We know that if $X$ is complete metric space. Then $X$ is of second category in itself by Baire Category theorem. If $X$ is a complete metric space, it can be shown that any open $G \subset X$ is of 2nd category in $X$. My question is:
If $X$ is of 2nd category in itself and $G$ be open in $X$, then is it necessary that $G$ is of 2nd category in $X$?
I think it is not true. But I failed to produce a counterexample. Any help/suggestions?

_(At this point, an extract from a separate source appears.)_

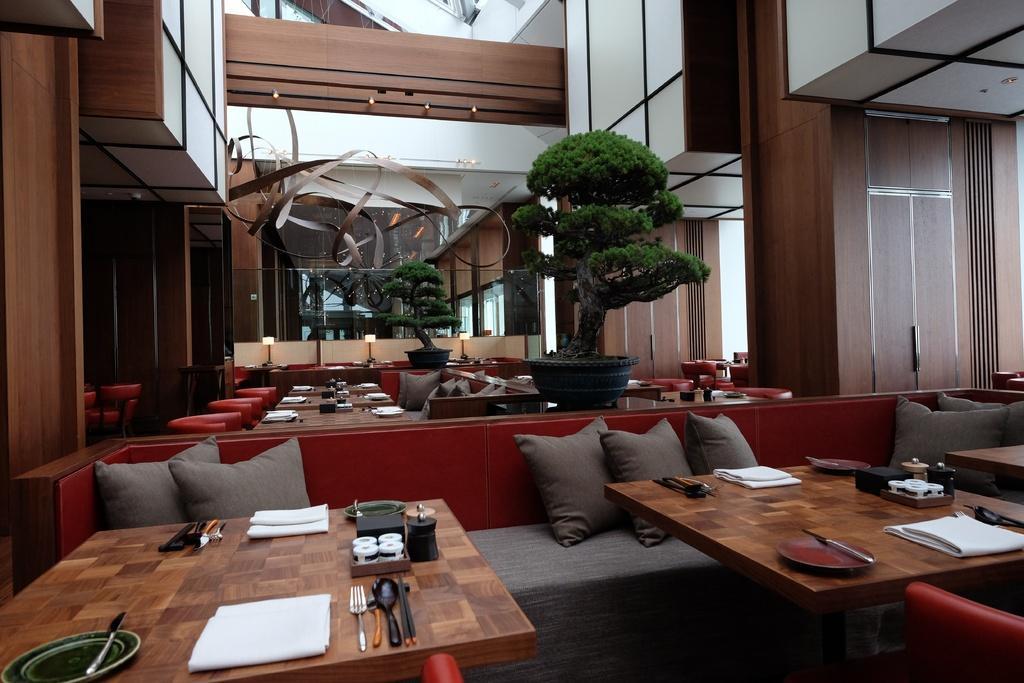Please provide a concise description of this image. This is a picture of a restaurant or a hotel. In the picture there are many tables, couches and houseplants, on the table there are plates, handkerchiefs, spoons and small jars. On the couches there are pillows and many chairs. In the top the building walls are made of wood.

To elaborate on my comment from earlier, a space $X$ is Baire iff every open $G\subset X$ is of second category in $X$ and Baire spaces are of second category in themselves (both of those assertion pretty much follow from the definitions), so you need a space which is of second category in itself but is not Baire.
Let $X=[0,1]$ (any Baire space will work) and let $Y=X\sqcup\Bbb Q$ be the disjoint union of $X$ and $\Bbb Q$ (both with the standard topology), $Y$ is of second category in itself, it can't be written as a countable union of nowhere dense subsets since $X$ can't, but it's not Baire, $\bigcap\limits_{q\in\Bbb Q} Y\setminus\{q\}$ is a countable intersection of open dense sets which is not dense.
Now is $\Bbb Q$ open in $Y$? Is it of second category in $Y$?